Светлый фон

Леон идет навстречу стене огня, и женщина слышит, как, собрав последние силы, он запевает неведомую ей молитву, в которой несколько раз повторяется имя неизвестной ей святой – Алмудии.

– Перемирие? – переспросил Антонио Виланова.

– Да, так это называется, – ответил Огневик. – Когда поднимают какую-нибудь белую тряпку, значит, объявляют перемирие. Я-то сам не видел, но многие видели. А потом он вернулся с этим флагом.

– Зачем же Блаженненький сделал это? – спросил Онорио.

– Пожалел невинные души – они сгорали заживо, – пожалел детей, стариков, беременных. Пожалел и пошел к безбожникам просить, чтобы выпустили их из Бело-Монте. Никому ничего не сказал – ни Жоану Апостолу, ни Жоану Большому, ни Педрану, – а приколотил к палке белый платок и двинулся по улице Матери Церкви. Псы его пропустили. Мы все подумали, что они решили замучить его, как Меченого, и вернуть нам без ушей, без носа, без языка. Но он вернулся целый и невредимый, со своим флагом. Мы к тому времени перекрыли уже и Святого Элигия, и Младенца Христа, и Мать Церковь. Погасили много пожаров. Блаженненького не было часа два или три, и все это время стрельбы тоже не было. Потому что перемирие. Так объяснил падре Жоакин.
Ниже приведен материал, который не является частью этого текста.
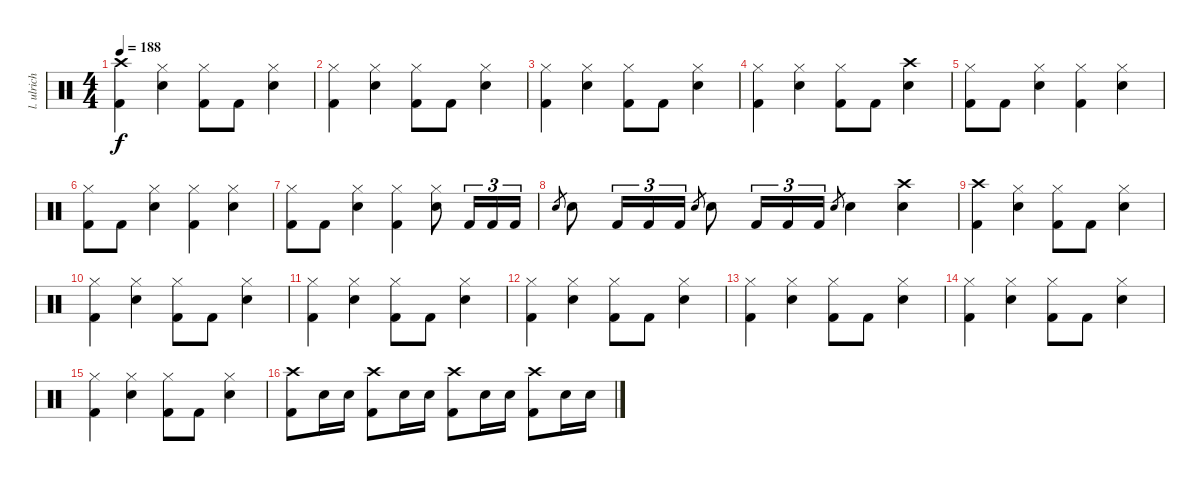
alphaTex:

\track ("l. ulrich - drums" "l. ulrich ") {instrument percussion}
\staff {score}
\articulation defaults
\ts (4 4)
\tempo 188
\clef neutral
\ks c
("Crash high (hit)" "Kick (hit) 2").4{dy f} ("Hi-Hat (closed)" "Snare (hit) 2").4 ("Hi-Hat (closed)" "Kick (hit) 2").8 "Kick (hit) 2".8 ("Hi-Hat (closed)" "Snare (hit) 2").4 |
("Hi-Hat (closed)" "Kick (hit) 2").4 ("Hi-Hat (closed)" "Snare (hit) 2").4 ("Hi-Hat (closed)" "Kick (hit) 2").8 "Kick (hit) 2".8 ("Hi-Hat (closed)" "Snare (hit) 2").4 |
("Hi-Hat (closed)" "Kick (hit) 2").4 ("Hi-Hat (closed)" "Snare (hit) 2").4 ("Hi-Hat (closed)" "Kick (hit) 2").8 "Kick (hit) 2".8 ("Hi-Hat (closed)" "Snare (hit) 2").4 |
("Hi-Hat (closed)" "Kick (hit) 2").4 ("Hi-Hat (closed)" "Snare (hit) 2").4 ("Hi-Hat (closed)" "Kick (hit) 2").8 "Kick (hit) 2".8 ("Crash high (hit)" "Snare (hit) 2").4 |
("Hi-Hat (closed)" "Kick (hit) 2").8 "Kick (hit) 2".8 ("Hi-Hat (closed)" "Snare (hit) 2").4 ("Hi-Hat (closed)" "Kick (hit) 2").4 ("Hi-Hat (closed)" "Snare (hit) 2").4 |
("Hi-Hat (closed)" "Kick (hit) 2").8 "Kick (hit) 2".8 ("Hi-Hat (closed)" "Snare (hit) 2").4 ("Hi-Hat (closed)" "Kick (hit) 2").4 ("Hi-Hat (closed)" "Snare (hit) 2").4 |
("Hi-Hat (closed)" "Kick (hit) 2").8 "Kick (hit) 2".8 ("Hi-Hat (closed)" "Snare (hit) 2").4 ("Hi-Hat (closed)" "Kick (hit) 2").4 ("Hi-Hat (closed)" "Snare (hit) 2").8 "Kick (hit) 2".16{tu (3 2)} "Kick (hit) 2".16{tu (3 2)} "Kick (hit) 2".16{tu (3 2)} |
"Snare (hit) 2".8{gr} "Snare (hit) 2".8 "Kick (hit) 2".16{tu (3 2)} "Kick (hit) 2".16{tu (3 2)} "Kick (hit) 2".16{tu (3 2)} "Snare (hit) 2".8{gr} "Snare (hit) 2".8 "Kick (hit) 2".16{tu (3 2)} "Kick (hit) 2".16{tu (3 2)} "Kick (hit) 2".16{tu (3 2)} "Snare (hit) 2".8{gr} "Snare (hit) 2".4 ("Crash high (hit)" "Snare (hit) 2").4 |
("Crash high (hit)" "Kick (hit) 2").4 ("Hi-Hat (closed)" "Snare (hit) 2").4 ("Hi-Hat (closed)" "Kick (hit) 2").8 "Kick (hit) 2".8 ("Hi-Hat (closed)" "Snare (hit) 2").4 |
("Hi-Hat (closed)" "Kick (hit) 2").4 ("Hi-Hat (closed)" "Snare (hit) 2").4 ("Hi-Hat (closed)" "Kick (hit) 2").8 "Kick (hit) 2".8 ("Hi-Hat (closed)" "Snare (hit) 2").4 |
("Hi-Hat (closed)" "Kick (hit) 2").4 ("Hi-Hat (closed)" "Snare (hit) 2").4 ("Hi-Hat (closed)" "Kick (hit) 2").8 "Kick (hit) 2".8 ("Hi-Hat (closed)" "Snare (hit) 2").4 |
("Hi-Hat (closed)" "Kick (hit) 2").4 ("Hi-Hat (closed)" "Snare (hit) 2").4 ("Hi-Hat (closed)" "Kick (hit) 2").8 "Kick (hit) 2".8 ("Hi-Hat (closed)" "Snare (hit) 2").4 |
("Hi-Hat (closed)" "Kick (hit) 2").4 ("Hi-Hat (closed)" "Snare (hit) 2").4 ("Hi-Hat (closed)" "Kick (hit) 2").8 "Kick (hit) 2".8 ("Hi-Hat (closed)" "Snare (hit) 2").4 |
("Hi-Hat (closed)" "Kick (hit) 2").4 ("Hi-Hat (closed)" "Snare (hit) 2").4 ("Hi-Hat (closed)" "Kick (hit) 2").8 "Kick (hit) 2".8 ("Hi-Hat (closed)" "Snare (hit) 2").4 |
("Hi-Hat (closed)" "Kick (hit) 2").4 ("Hi-Hat (closed)" "Snare (hit) 2").4 ("Hi-Hat (closed)" "Kick (hit) 2").8 "Kick (hit) 2".8 ("Hi-Hat (closed)" "Snare (hit) 2").4 |
("Crash high (hit)" "Kick (hit) 2").8 "Snare (hit) 2".16 "Snare (hit) 2".16 ("Crash high (hit)" "Kick (hit) 2").8 "Snare (hit) 2".16 "Snare (hit) 2".16 ("Crash high (hit)" "Kick (hit) 2").8 "Snare (hit) 2".16 "Snare (hit) 2".16 ("Crash high (hit)" "Kick (hit) 2").8 "Snare (hit) 2".16 "Snare (hit) 2".16

Карлик притулился к Журеме, дрожа всем телом. Они сидели в пещере – неподалеку от сожженной фермы Касабу, на развилке дорог, где раньше останавливались на ночлег козопасы. Здесь провели они двенадцать дней, выползая только затем, чтобы торопливо надергать травы и съедобных корешков – лишь бы обмануть голод-да набрать воды из ближайшего ручейка. Вся округа кишмя кишела солдатами: небольшими отрядами и огромными колоннами они возвращались в Кеймадас, и потому беглецы решили затаиться и переждать. Ночи были холодные, развести костер Виланова не разрешал, чтобы не привлечь внимание республиканцев; Карлик попросту замерзал. Он был самым маленьким, он больше всех ослабел и сильнее всех страдал от холода Ложась спать, репортер и Журема клали его посередке, стараясь согреть теплом своих тел, но Карлик все равно ждал наступления ночи с ужасом: зубы у него выбивали дробь, ледяной озноб пробирал до костей. Сейчас он сидел вместе со всеми, слушал Огневика, но то и дело притягивал своими пухлыми ручками Журему и репортера поближе.

– Ну, а падре Жоакин? – спросил репортер. – Его тоже?…

– Нет, он умер не от огня, не от ножа, – тотчас ответил Огневик, словно радуясь наконец-то представившейся возможности успокоить их и сообщить хоть одну приятную новость. – Его застрелили насмерть на баррикаде – на улице Святого Элигия. Я был в двух шагах. Он тоже стрелял и убивал. Серафино-плотник сказал, что навряд ли Всевышний одобрит такую смерть падре Жоакина, ведь он как-никак священник, а не мирянин. Навряд ли понравится Всевышнему, что его служитель погиб с оружием в руках.